The DOJ and two former Mar-a-Lago classified documents case co-defendants of President Donald Trump have jointly given the federal judge remembered for torpedoing the special counsel’s probe a reason to keep the second volume of Jack Smith’s report hidden from the public.
In a brief Monday status report, Trump valet Waltine Nauta, Mar-a-Lago property manager Carlos de Oliveira, and the DOJ took stock of the 11th Circuit U.S. Court of Appeals’ order last month.

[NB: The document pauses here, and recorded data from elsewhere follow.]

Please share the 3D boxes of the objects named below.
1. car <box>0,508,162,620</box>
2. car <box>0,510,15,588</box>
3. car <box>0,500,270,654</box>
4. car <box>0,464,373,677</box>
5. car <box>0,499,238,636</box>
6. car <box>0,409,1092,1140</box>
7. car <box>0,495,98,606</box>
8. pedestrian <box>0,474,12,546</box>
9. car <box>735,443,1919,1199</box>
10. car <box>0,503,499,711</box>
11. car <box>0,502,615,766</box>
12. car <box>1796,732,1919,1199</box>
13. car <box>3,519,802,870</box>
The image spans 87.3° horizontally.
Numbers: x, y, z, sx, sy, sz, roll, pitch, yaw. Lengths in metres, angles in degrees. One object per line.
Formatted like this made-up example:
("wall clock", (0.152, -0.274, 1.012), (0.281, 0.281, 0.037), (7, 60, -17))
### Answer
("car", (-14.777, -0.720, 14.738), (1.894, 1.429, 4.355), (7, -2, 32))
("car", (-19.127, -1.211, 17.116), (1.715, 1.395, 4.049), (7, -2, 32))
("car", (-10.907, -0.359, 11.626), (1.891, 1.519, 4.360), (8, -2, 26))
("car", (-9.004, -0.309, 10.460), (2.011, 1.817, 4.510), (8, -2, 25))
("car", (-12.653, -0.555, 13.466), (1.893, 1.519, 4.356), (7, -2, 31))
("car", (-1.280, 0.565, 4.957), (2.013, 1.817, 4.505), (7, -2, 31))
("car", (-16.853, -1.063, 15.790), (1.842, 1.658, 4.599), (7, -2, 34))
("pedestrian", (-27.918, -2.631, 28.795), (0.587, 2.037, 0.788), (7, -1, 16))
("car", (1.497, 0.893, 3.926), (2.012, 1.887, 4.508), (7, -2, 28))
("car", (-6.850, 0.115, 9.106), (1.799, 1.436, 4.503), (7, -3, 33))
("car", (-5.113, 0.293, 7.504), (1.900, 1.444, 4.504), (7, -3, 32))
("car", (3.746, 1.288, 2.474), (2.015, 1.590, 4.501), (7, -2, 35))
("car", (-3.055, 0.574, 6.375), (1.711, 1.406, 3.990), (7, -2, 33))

The order set a 60-day deadline for U.S. District Judge Aileen Cannon to rule on two groups’ attempts to intervene, following her “undue delay.”
The would-be interventions of the Knight First Amendment Institute and American Oversight have sat untouched since February, not long after the newly minted Trump administration DOJ voluntarily tossed the cases against Nauta and de Oliveira, also ending their active appeals.
As Law&Crime reported, both the Knight Institute and American Oversight went to the 11th Circuit asking the appellate court to at least nudge Cannon to rule on their attempts to intervene for the purpose of lifting a January injunction, so there would be something for the groups to appeal as they seek disclosure of Volume II in the “public interest.” The appeal came after Cannon was unmoved by multiple reminders about the motions to intervene.
Cannon, a Trump appointee, threw out the president’s case in July 2024 and invalidated Smith’s appointment as special counsel. Several months later, the judge blocked the release of Smith’s Mar-a-Lago report.
When Cannon initially issued the injunction in January, she noted that Nauta and de Oliveira still had an active appeal at the 11th Circuit and that, as a result, releasing Volume II publicly would jeopardize their “due process rights to a fair trial[.]”
With no prospect of a trial during Trump’s second term as president, the DOJ and the president’s former co-defendants insisted Monday that there are still reasons for Cannon to keep the injunction in place and ensure Volume II doesn’t see the light of day.
The status report, submitted by U.S. Attorney for the Southern District of Florida Jason A. Reding Quiñones, asserted that the “intervention is improper” and suggested Cannon toss out the groups’ motions to intervene without “reaching the merits” of their arguments for vacating the injunction.
Nauta and de Oliveira “would suffer” prejudice of an “extraordinary” nature, the filing says.
In making this statement, the DOJ referred to the arguments made in a March status report, in which both the DOJ and the former defendants opposed lifting the injunction, with the Trump administration emphasizing that it’s up to U.S. Attorney General Pam Bondi’s “discretion” to release the Mar-a-Lago report.
Nauta and de Oliveira went so far as to say Volume II “should be relegated to the dustbin of history, where it belongs, in order to prevent further unjust prejudice” following “approximately a year-and-a-half of rampant pretrial publicity and vilification after their indictments were sought by an unconstitutionally appointed prosecutor with unconstitutionally limitless funding[.]”
The DOJ reiterated Monday that it “understands and appreciates” this stance and said the government “does not object to their positions that the January 21, 2025 Order should remain in effect.”
In the event that Cannon were to lift the injunction, however, the DOJ asked that Nauta and de Oliveira have time and space to litigate — if Bondi signals she wants to release Volume II.
“The parties further agree that, should the Court lift its January 21, 2025 Order, the Court should require the Department of Justice to provide written notice to counsel for Mr. Nauta and Mr. De Oliveira sixty days prior to releasing a redacted version,” the filing concluded. “This would allow the defendants to seek appropriate relief from this Court if the Attorney General expressed an intention to release Volume II outside the Department of Justice.”